In the above description of the present embodiment, the memory circuit is used for partial enlargement in the sub-scanning direction for correcting the distortion of the original, but it is also used as a buffer memory for temporarily storing the entire page. Can be. However, at this time, the number of memory elements in the column direction is increased by the required number of lines, and after the write operation is completed, only the row address is activated until the read operation is performed.
Data must be rewritten.

[0039]

As described above, according to the present invention, it is possible to correct the original image in the sub-scanning direction in one screen without changing the scanning speed, so that it is possible to eliminate image unevenness due to scanning unevenness. There is no need to perform complicated scanning drive system mechanical control.

[Brief description of the drawings]

FIG. 1 is a perspective view illustrating an external configuration of an image reading apparatus according to an embodiment of the present invention.

FIG. 2 is a front view illustrating a configuration of an image reading apparatus according to an embodiment of the invention.

FIG. 3 is a block diagram illustrating a configuration of an image processing circuit in the image reading apparatus according to the embodiment to which the present invention is applied.

FIG. 4 is a diagram illustrating a configuration of an image memory of the image reading apparatus according to the embodiment to which the present invention is applied.

FIG. 5 is a diagram for explaining an address arrangement of an image memory in an embodiment to which the present invention is applied.

FIG. 6 is a diagram for explaining a state of image reading.

FIG. 7 is a flowchart for explaining the operation of the image reading apparatus according to the embodiment to which the present invention is applied.

FIG. 8 is a view for explaining image correction in the operation of the image reading apparatus according to the embodiment to which the present invention is applied.

FIG. 9 is a diagram for explaining access timing to an image memory in the operation of the image reading apparatus according to the embodiment to which the present invention is applied.

FIG. 10 is a diagram for explaining an address arrangement of an image memory in a conventional image reading apparatus.

[Explanation of symbols]

 DESCRIPTION OF SYMBOLS 1 ... platen, 2 ... camera part, 3 ... illumination part, 4 ... operation part, 5 ... distance measuring mirror, 6 ... imaging lens, 7 ... line sensor, 10 ... original, 11 ... A / D converter, 12, 16: S / P converter, 13: CPU, 14: Address controller, 15: Memory.

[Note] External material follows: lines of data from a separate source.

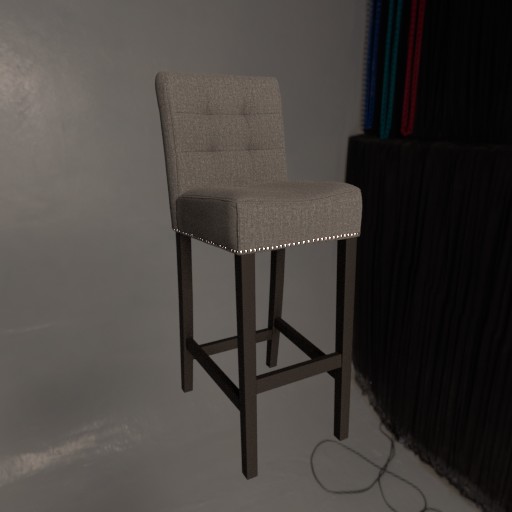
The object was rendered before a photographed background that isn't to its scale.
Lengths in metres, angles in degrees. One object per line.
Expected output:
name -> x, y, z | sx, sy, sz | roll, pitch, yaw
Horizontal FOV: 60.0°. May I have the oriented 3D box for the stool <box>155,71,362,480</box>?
stool -> 0.000, 0.000, 1.328 | 0.411, 1.047, 0.548 | -9, 19, -27
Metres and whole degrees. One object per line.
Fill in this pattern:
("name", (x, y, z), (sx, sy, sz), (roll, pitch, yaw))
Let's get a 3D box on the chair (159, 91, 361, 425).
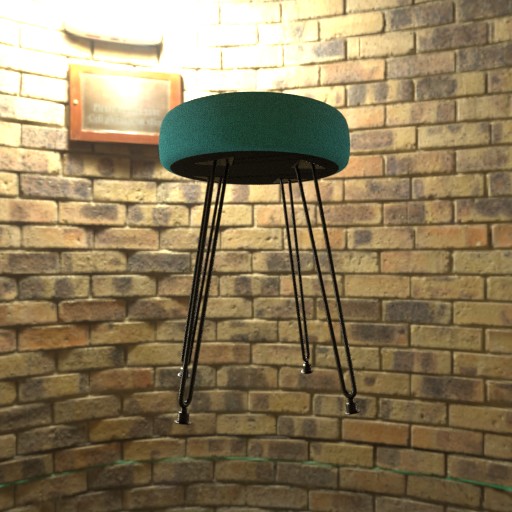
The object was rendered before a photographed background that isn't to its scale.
("chair", (0.000, 0.000, 0.710), (0.350, 0.440, 0.350), (0, -1, 36))
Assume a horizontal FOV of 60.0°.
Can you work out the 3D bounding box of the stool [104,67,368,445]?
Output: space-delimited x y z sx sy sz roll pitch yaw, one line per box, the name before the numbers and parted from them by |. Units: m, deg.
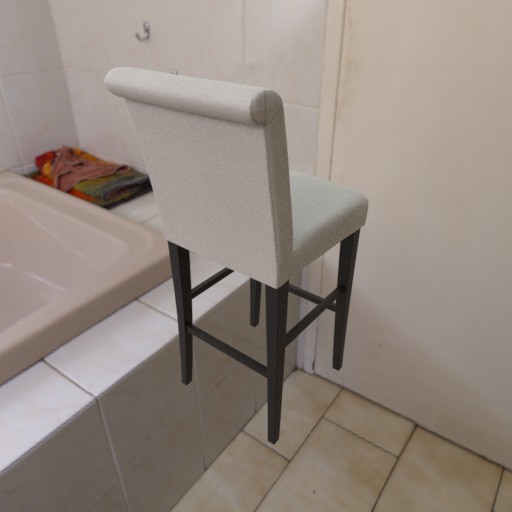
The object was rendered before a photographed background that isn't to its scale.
stool | 0.000 0.000 1.394 0.452 1.124 0.597 22 38 32
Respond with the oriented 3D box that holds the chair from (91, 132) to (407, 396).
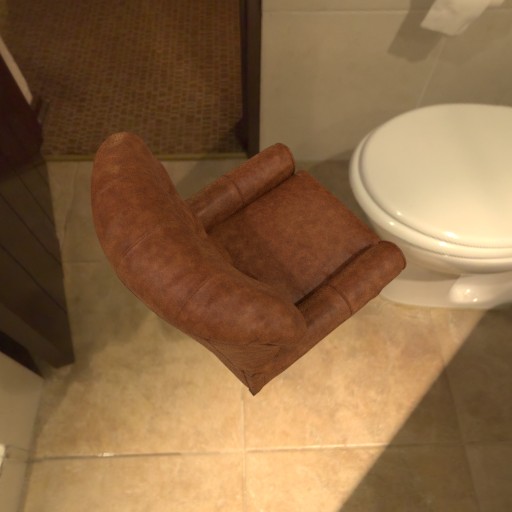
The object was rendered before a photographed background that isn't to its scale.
[{"bbox_3d":[0.000,0.000,1.894,1.059,1.164,0.951,-35,66,-18],"label":"chair"}]
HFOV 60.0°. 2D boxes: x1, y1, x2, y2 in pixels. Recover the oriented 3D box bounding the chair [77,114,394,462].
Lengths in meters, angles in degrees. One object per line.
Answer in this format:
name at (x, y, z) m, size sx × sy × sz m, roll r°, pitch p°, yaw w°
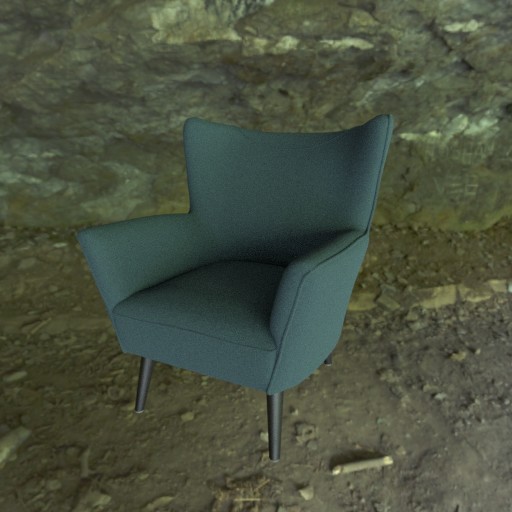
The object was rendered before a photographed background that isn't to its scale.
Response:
chair at (0.000, 0.000, 1.528) m, size 0.781 × 0.933 × 0.888 m, roll 8°, pitch 18°, yaw 26°
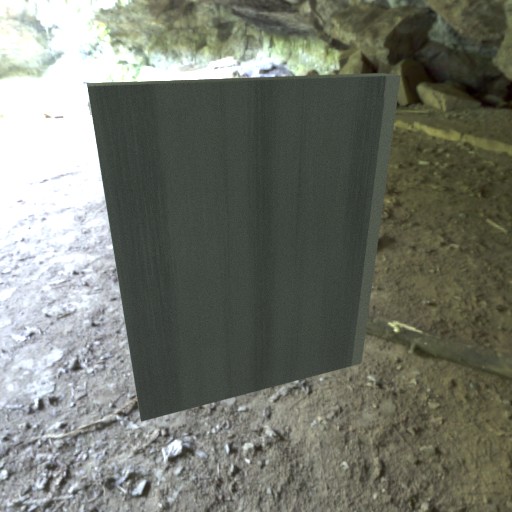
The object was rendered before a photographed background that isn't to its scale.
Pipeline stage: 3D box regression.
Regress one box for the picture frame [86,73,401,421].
[{"bbox_3d":[0.000,0.000,0.745,0.449,0.555,0.046,-9,28,-18],"label":"picture frame"}]
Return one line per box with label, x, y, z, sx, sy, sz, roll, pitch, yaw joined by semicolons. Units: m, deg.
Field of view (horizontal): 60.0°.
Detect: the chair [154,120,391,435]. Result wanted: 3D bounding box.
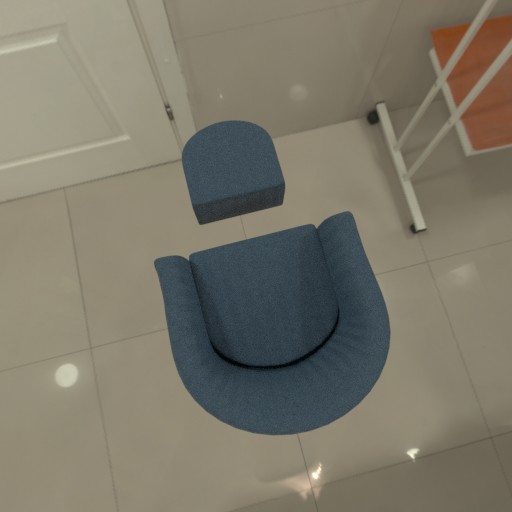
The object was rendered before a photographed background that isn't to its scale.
chair;0.000;0.000;1.804;0.756;0.757;1.288;-14;76;-4
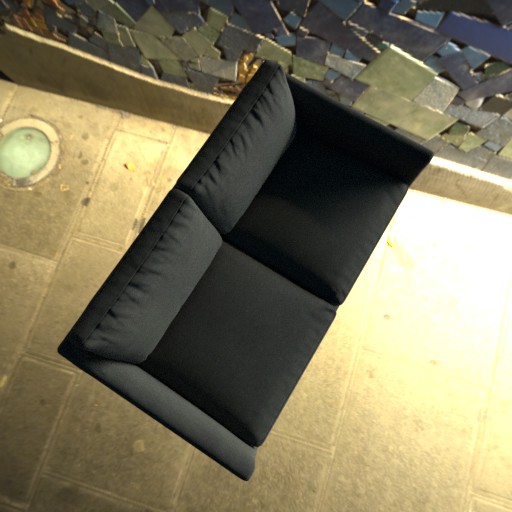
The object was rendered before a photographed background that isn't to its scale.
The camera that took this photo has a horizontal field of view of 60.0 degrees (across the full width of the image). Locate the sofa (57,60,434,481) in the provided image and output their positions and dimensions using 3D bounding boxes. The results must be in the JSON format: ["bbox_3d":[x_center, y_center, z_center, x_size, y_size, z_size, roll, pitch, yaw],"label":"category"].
[{"bbox_3d":[0.000,0.000,2.432,1.091,0.845,1.909,31,78,8],"label":"sofa"}]
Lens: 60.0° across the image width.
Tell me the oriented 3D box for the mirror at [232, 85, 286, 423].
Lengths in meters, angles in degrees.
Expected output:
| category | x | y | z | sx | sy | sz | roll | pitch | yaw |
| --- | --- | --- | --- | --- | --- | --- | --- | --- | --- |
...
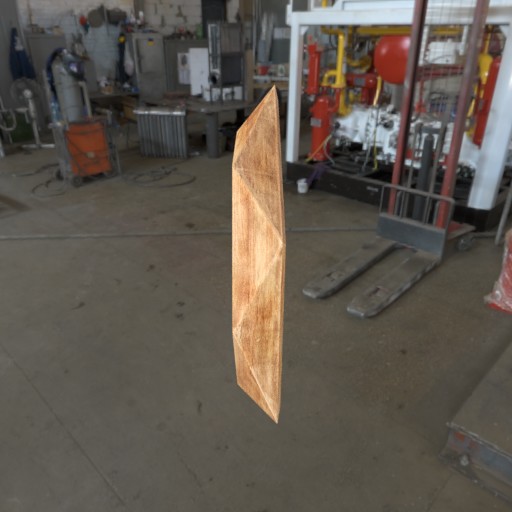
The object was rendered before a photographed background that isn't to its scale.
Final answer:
| category | x | y | z | sx | sy | sz | roll | pitch | yaw |
| --- | --- | --- | --- | --- | --- | --- | --- | --- | --- |
| mirror | 0.000 | 0.000 | 1.075 | 0.091 | 0.779 | 0.675 | 0 | 27 | 0 |
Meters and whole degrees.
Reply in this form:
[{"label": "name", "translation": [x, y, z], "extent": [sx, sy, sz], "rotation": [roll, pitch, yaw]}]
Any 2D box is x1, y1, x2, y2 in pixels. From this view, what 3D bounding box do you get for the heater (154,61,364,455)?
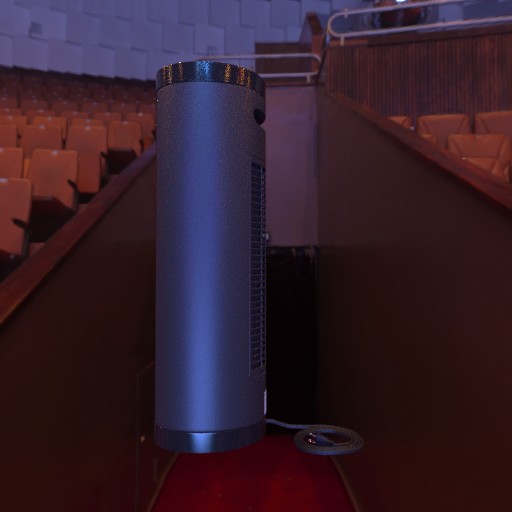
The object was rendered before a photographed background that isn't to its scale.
[{"label": "heater", "translation": [0.000, 0.000, 0.696], "extent": [0.312, 0.552, 0.174], "rotation": [0, -1, -1]}]
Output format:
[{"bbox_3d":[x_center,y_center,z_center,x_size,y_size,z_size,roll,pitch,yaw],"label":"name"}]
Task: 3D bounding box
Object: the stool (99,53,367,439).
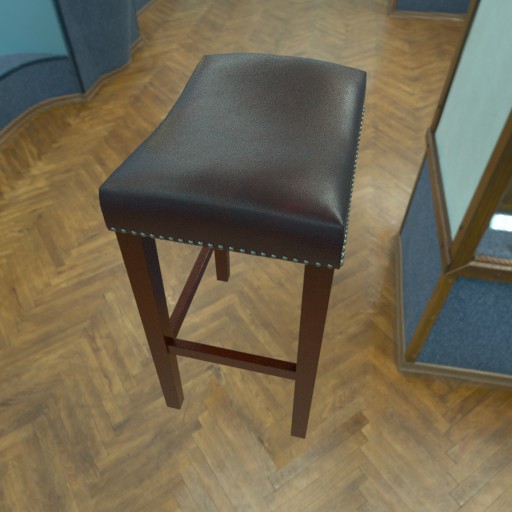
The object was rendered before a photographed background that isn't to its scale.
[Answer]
[{"bbox_3d":[0.000,0.000,1.023,0.372,0.742,0.504,10,47,9],"label":"stool"}]
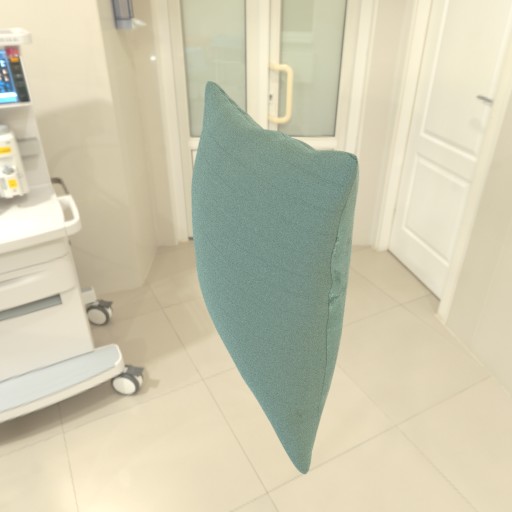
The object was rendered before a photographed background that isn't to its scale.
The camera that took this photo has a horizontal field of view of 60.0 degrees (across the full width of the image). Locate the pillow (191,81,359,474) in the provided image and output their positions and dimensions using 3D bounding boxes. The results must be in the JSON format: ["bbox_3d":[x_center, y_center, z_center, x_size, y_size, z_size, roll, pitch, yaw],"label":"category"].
[{"bbox_3d":[0.000,0.000,0.705,0.175,0.464,0.470,-11,33,-18],"label":"pillow"}]
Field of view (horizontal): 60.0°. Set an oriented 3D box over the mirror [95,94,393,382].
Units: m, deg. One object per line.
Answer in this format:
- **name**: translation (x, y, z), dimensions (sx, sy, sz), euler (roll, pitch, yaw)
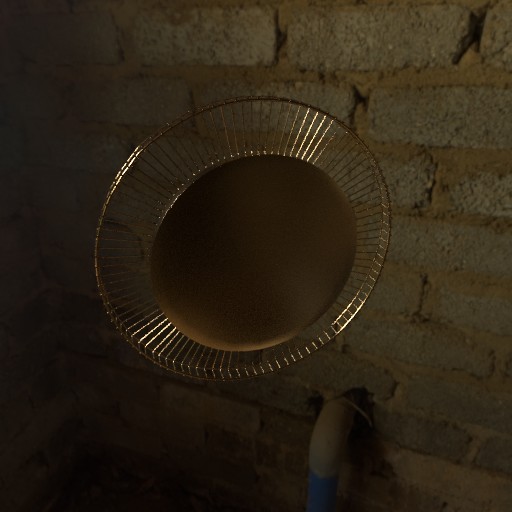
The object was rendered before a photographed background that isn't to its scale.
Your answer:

────────────────────────────────────────────────── ─── Continuation of the front page (56) References JP-A-5-161001 (JP, A) JP-A-5-161000 (JP, A) JP-A-5-161002 (JP, A) (58) Field (Int.Cl. ⁷ , DB name) H04N 1/04-1/207 H04N 1/40-1/409

Claims (1)

(57) [Claims] An image processing apparatus for scanning a line sensor to read a document image and recording the image as two-dimensional image information, wherein the line sensor drives the line sensor at a constant speed in a sub-scanning direction. Sensor driving means; and a plurality of lasers in the main scanning direction read by the line sensor.
An image storage means for storing image information in minutes, and the image distortion detecting means for detecting a distortion in the sub-scanning direction of the document image of the line sensor driven by said line sensor driving means, detected by the image distortion detection means depending on the distortion of the original image, before the image information in which the line sensor has read
Control means for repeatedly reading out the image information stored in the image storage means in units of the main scanning direction of the line sensor at the same time as writing to the image storage means.